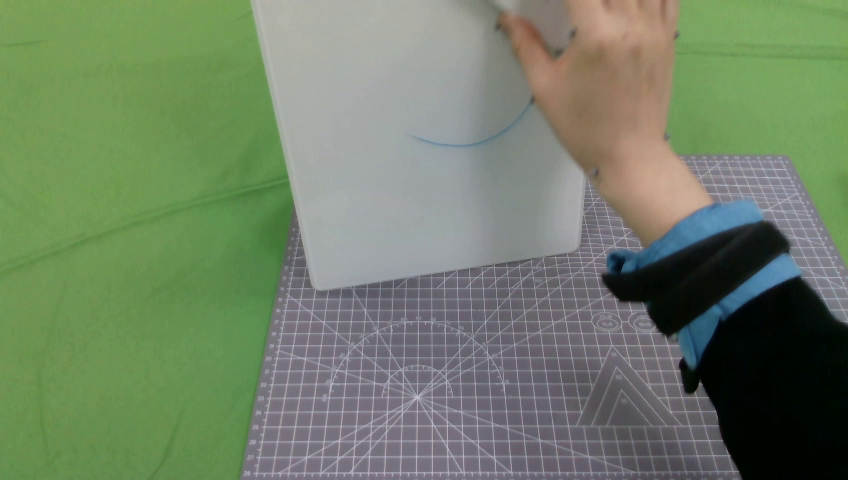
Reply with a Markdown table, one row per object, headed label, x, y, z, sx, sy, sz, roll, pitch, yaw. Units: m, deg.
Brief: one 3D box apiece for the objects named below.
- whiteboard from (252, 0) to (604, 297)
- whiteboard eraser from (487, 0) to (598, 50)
| label | x | y | z | sx | sy | sz | roll | pitch | yaw |
| --- | --- | --- | --- | --- | --- | --- | --- | --- | --- |
| whiteboard | 0.000 | -0.137 | 0.450 | 0.217 | 0.308 | 0.142 | -8 | 33 | -6 |
| whiteboard eraser | 0.063 | -0.153 | 0.364 | 0.102 | 0.041 | 0.018 | 27 | 23 | -25 |
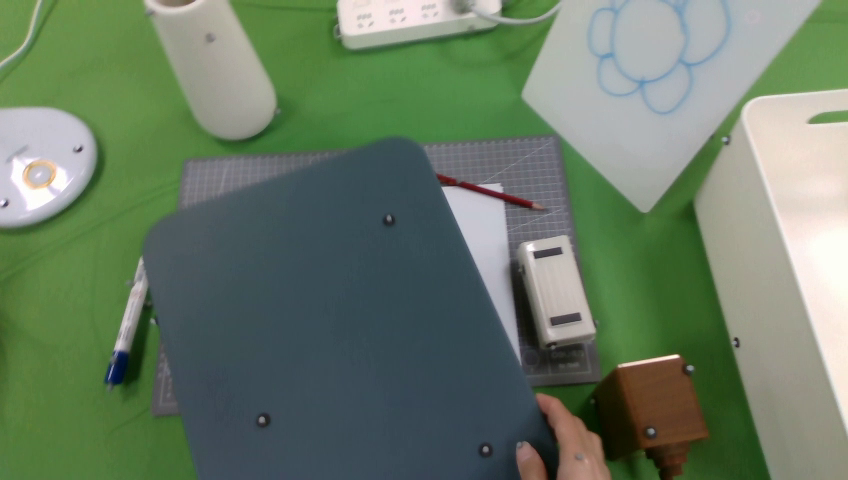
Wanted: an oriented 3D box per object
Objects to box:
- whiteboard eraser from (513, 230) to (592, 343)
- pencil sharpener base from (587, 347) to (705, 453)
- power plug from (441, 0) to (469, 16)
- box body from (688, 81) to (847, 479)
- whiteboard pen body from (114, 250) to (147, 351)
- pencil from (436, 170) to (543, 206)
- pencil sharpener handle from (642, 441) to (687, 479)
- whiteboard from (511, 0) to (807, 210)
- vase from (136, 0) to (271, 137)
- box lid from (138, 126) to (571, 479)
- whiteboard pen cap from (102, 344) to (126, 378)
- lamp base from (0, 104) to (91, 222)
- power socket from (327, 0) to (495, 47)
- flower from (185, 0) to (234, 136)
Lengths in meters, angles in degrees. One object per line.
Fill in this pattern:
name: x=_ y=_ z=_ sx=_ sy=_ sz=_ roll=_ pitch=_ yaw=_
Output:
whiteboard eraser: x=0.131 y=0.047 z=0.624 sx=0.055 sy=0.042 sz=0.111 roll=-9 pitch=65 yaw=-4
pencil sharpener base: x=0.194 y=0.149 z=0.542 sx=0.061 sy=0.108 sz=0.076 roll=-9 pitch=65 yaw=-2
power plug: x=0.038 y=-0.296 z=0.766 sx=0.035 sy=0.053 sz=0.072 roll=0 pitch=67 yaw=2
box body: x=0.420 y=0.049 z=0.551 sx=0.254 sy=0.161 sz=0.361 roll=-5 pitch=65 yaw=-1
whiteboard pen body: x=-0.308 y=0.070 z=0.638 sx=0.017 sy=0.017 sz=0.139 roll=0 pitch=61 yaw=2
pencil: x=0.044 y=-0.068 z=0.698 sx=0.193 sy=0.012 sz=0.012 roll=18 pitch=67 yaw=8
pencil sharpener handle: x=0.205 y=0.189 z=0.510 sx=0.036 sy=0.068 sz=0.030 roll=-14 pitch=65 yaw=8
whiteboard: x=0.262 y=-0.223 z=0.636 sx=0.144 sy=0.307 sz=0.215 roll=-27 pitch=65 yaw=-31
vase: x=-0.239 y=-0.201 z=0.665 sx=0.098 sy=0.201 sz=0.097 roll=-1 pitch=64 yaw=3
box lid: x=-0.065 y=0.095 z=0.488 sx=0.263 sy=0.015 sz=0.369 roll=-21 pitch=74 yaw=-6
whiteboard pen cap: x=-0.312 y=0.121 z=0.610 sx=0.018 sy=0.018 sz=0.033 roll=0 pitch=60 yaw=2
lamp base: x=-0.490 y=-0.131 z=0.650 sx=0.178 sy=0.182 sz=0.160 roll=26 pitch=68 yaw=16
power socket: x=-0.016 y=-0.303 z=0.797 sx=0.227 sy=0.033 sz=0.071 roll=-9 pitch=66 yaw=-3
flower: x=-0.236 y=-0.253 z=0.599 sx=0.038 sy=0.365 sz=0.043 roll=-16 pitch=47 yaw=-13
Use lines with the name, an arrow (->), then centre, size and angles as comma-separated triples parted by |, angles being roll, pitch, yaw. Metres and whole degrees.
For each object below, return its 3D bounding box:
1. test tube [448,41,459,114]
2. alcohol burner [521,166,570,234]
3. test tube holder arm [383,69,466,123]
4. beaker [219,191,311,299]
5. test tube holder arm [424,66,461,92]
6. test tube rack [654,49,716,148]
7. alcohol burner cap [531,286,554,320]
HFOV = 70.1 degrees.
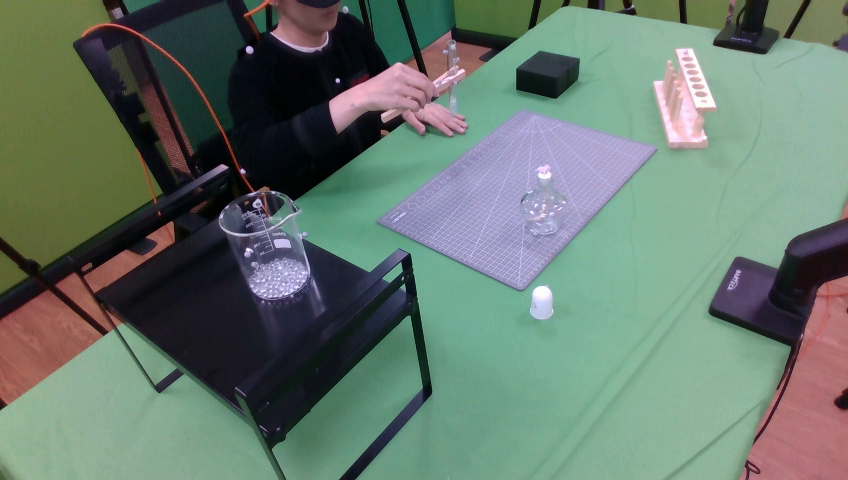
test tube -> 0.052, -0.282, 1.062 | 0.017, 0.151, 0.017 | -2, 52, 3
alcohol burner -> 0.192, -0.068, 0.951 | 0.078, 0.119, 0.077 | -4, 42, 4
test tube holder arm -> 0.003, -0.247, 1.029 | 0.179, 0.015, 0.013 | -36, 54, -21
beaker -> -0.164, 0.008, 0.654 | 0.084, 0.101, 0.073 | -10, 41, -3
test tube holder arm -> 0.032, -0.275, 1.049 | 0.010, 0.015, 0.088 | 33, 61, 29
test tube rack -> 0.502, -0.281, 1.176 | 0.066, 0.085, 0.241 | 2, 41, 11
alcohol burner cap -> 0.164, 0.084, 0.838 | 0.034, 0.048, 0.033 | -4, 40, 4
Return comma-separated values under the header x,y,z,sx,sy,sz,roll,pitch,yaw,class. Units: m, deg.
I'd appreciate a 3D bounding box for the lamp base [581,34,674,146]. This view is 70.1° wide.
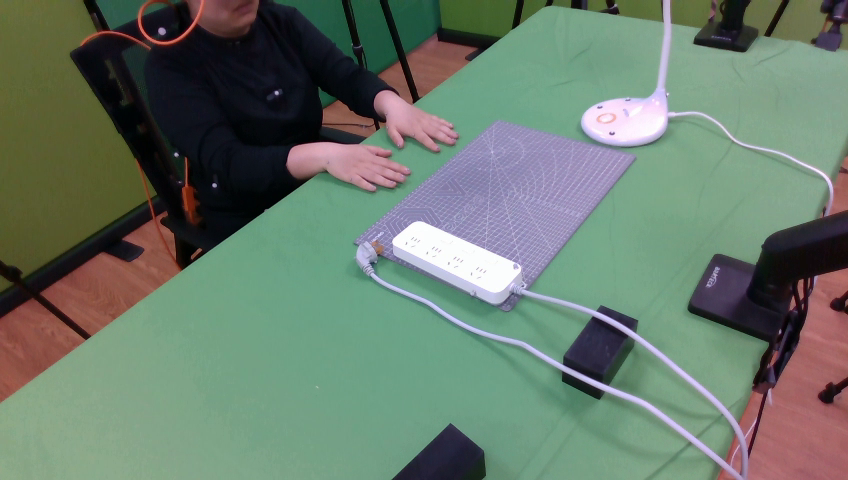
x,y,z,sx,sy,sz,roll,pitch,yaw,class
0.392,-0.291,1.129,0.180,0.181,0.159,-11,41,-8,lamp base

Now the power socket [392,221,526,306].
x,y,z,sx,sy,sz,roll,pitch,yaw,class
0.046,0.031,0.913,0.225,0.033,0.072,25,51,32,power socket

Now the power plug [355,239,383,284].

• • • •

TASK GOAL = Begin at the first line of the entries and stop after the line holding "- whiteboard from (252, 0) to (604, 297)"; repeat those lines exactly, but not the pictures.

ANSWER FOR THE TASK =
Reply with a Markdown table, one row per object, headed label, x, y, z, sx, sy, sz, roll, pitch, yaw. Units: m, deg.
Brief: one 3D box apiece for the objects named below.
- whiteboard from (252, 0) to (604, 297)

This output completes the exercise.